Иваныч пожал плечами и с неохотой пояснил:

– Муху-то с Ильдаром 15-ый отдел оприходовал. Там такой Никитка Кудасов трудится начальником…

– Слыхал, – спокойно кивнул Антибиотик. – И что с того?

– Через их отдел тяжело вопросы решать, – угрюмо ответил наконец Иваныч после некоторой паузы, а про себя добавил: «Потому как пока они нам долю в общак не отстегивают». Вслух он этого говорить, конечно, не стал – старик очень не любил, когда кто-то над его идеями и планами подшучивал. С такими шутниками могли потом разные беды приключиться.

– Так, дорогой ты мой, был бы вопрос легким – стали бы мы его с тобой перетирать? Никитка этот давно мне поперек горла, с ним нужно что-то решать…

Иваныч поднял голову, чуть дернул правой бровью:

– Может, того… Может, капитально проблему решить?

Виктор Палыч долго ничего не отвечал, прикрыв глаза чуть подрагивавшими веками. Со стороны могло даже показаться, что старик уснул. Но Иваныч знал, что это не так… Наконец Антибиотик открыл холодно блеснувшие глаза и раздраженно мотнул головой:

– Нет, пустое это.
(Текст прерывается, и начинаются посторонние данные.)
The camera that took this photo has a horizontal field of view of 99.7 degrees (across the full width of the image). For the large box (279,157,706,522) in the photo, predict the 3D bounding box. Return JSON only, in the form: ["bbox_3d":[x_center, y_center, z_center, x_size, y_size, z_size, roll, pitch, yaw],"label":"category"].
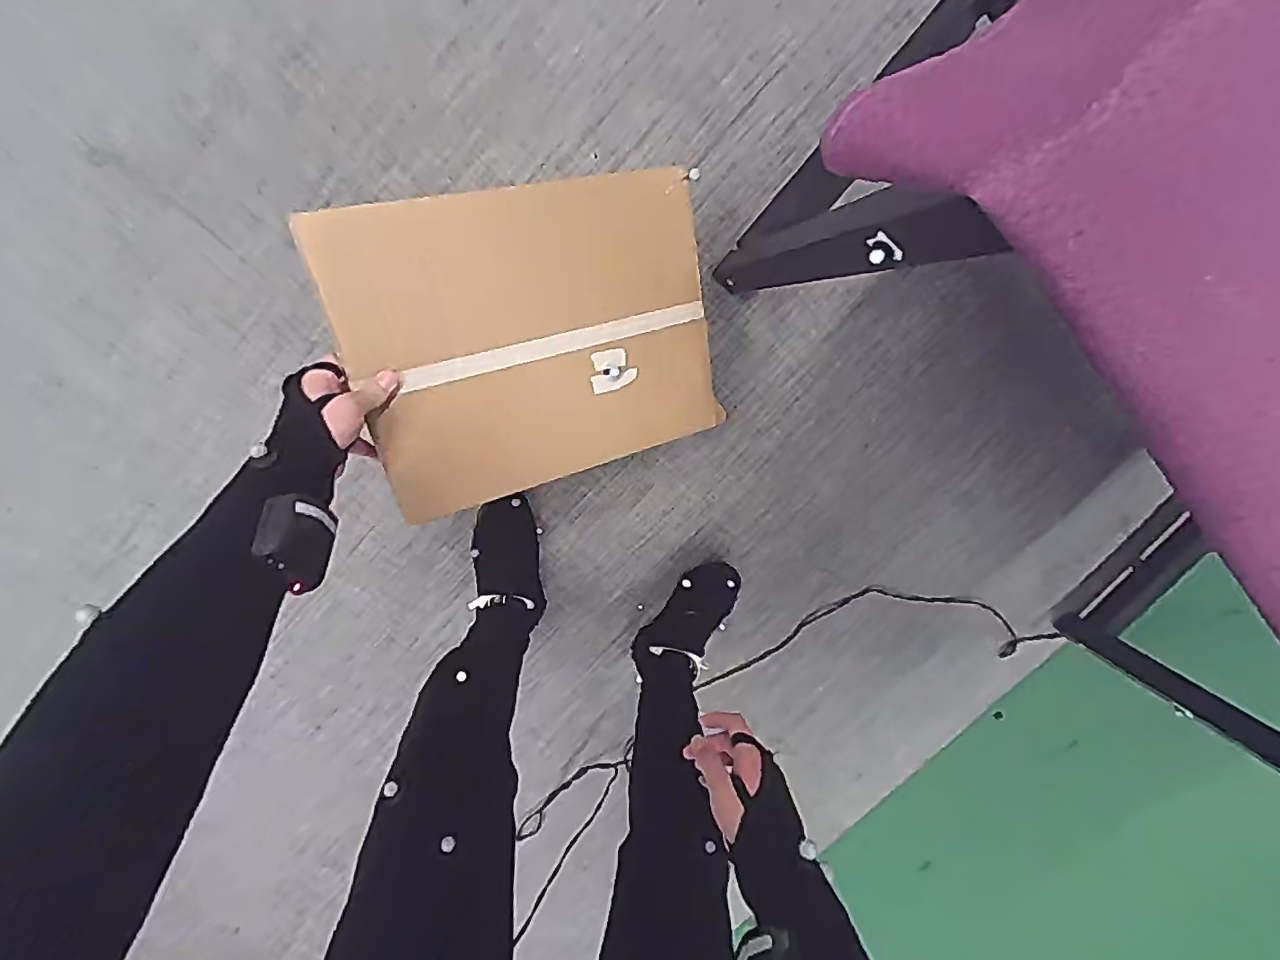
[{"bbox_3d":[-0.178,-0.197,0.710,0.408,0.320,0.320,-21,117,-22],"label":"large box"}]
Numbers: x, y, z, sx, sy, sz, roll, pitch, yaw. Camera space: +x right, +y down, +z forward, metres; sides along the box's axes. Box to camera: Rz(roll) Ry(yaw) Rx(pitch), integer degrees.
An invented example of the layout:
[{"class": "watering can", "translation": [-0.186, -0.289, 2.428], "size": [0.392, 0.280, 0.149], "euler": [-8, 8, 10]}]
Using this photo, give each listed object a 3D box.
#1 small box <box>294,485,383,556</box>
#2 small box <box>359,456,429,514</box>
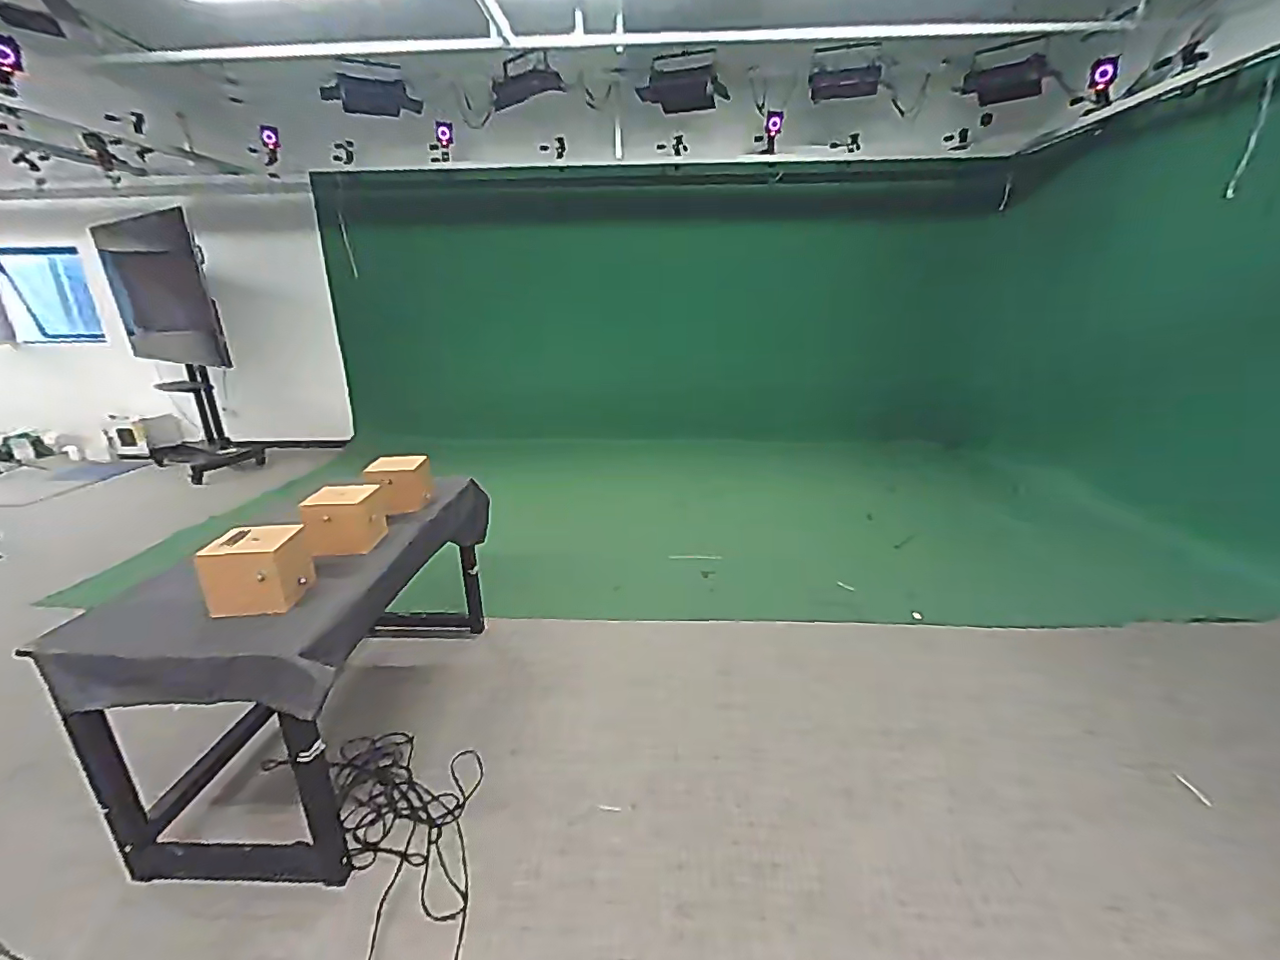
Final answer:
[{"class": "small box", "translation": [-0.908, 0.122, 1.649], "size": [0.179, 0.176, 0.168], "euler": [-2, 19, -3]}, {"class": "small box", "translation": [-0.882, 0.018, 1.956], "size": [0.179, 0.176, 0.168], "euler": [-2, 20, -5]}]
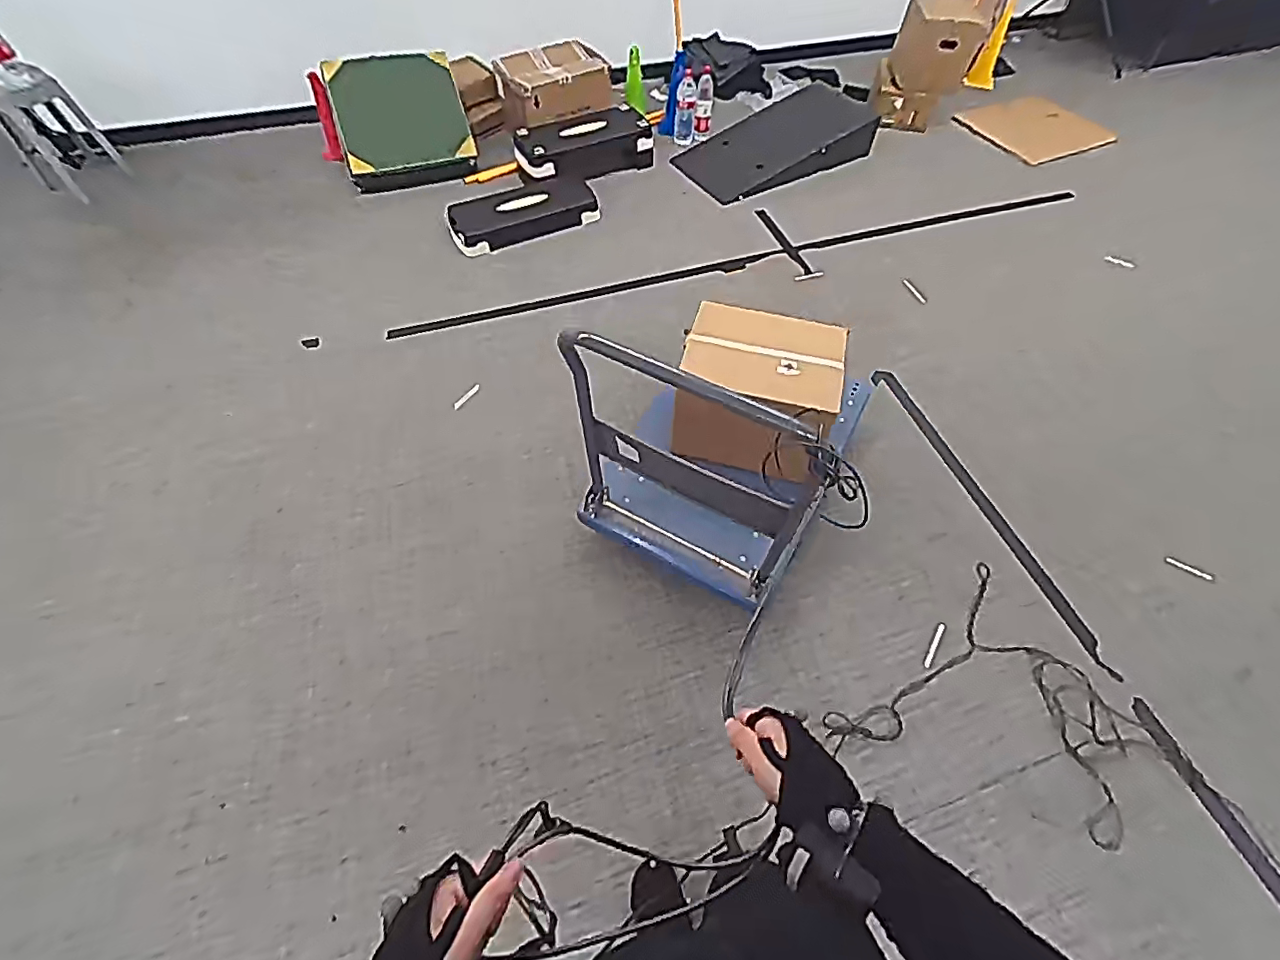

Хлопотами большими обернется…

– Раньше говорили: «Есть человек – есть проблема, нет человека – и проблема ушла», – тихонько попытался отстоять свое предложение Иваныч, но старик после этой фразы насупился еще больше:

– Оно так-то так, да не всегда… Бывает, что человека нет, а проблемы остаются, да к ним еще и новые прибавляются. Этих мусорков оэрбэшных трогать напрямую нельзя – беспредел может начаться… Про «Белую стрелу» слышал?

Иваныч, конечно, о «Белой стреле» слышал. Об этой тайной организации, якобы созданной ментами и комитетчиками для физического устранения уголовных авторитетов и коррумпированных чиновников, тогда ходило много слухов в бандитских и милицейских кругах. И слухи эти были – один страшнее других.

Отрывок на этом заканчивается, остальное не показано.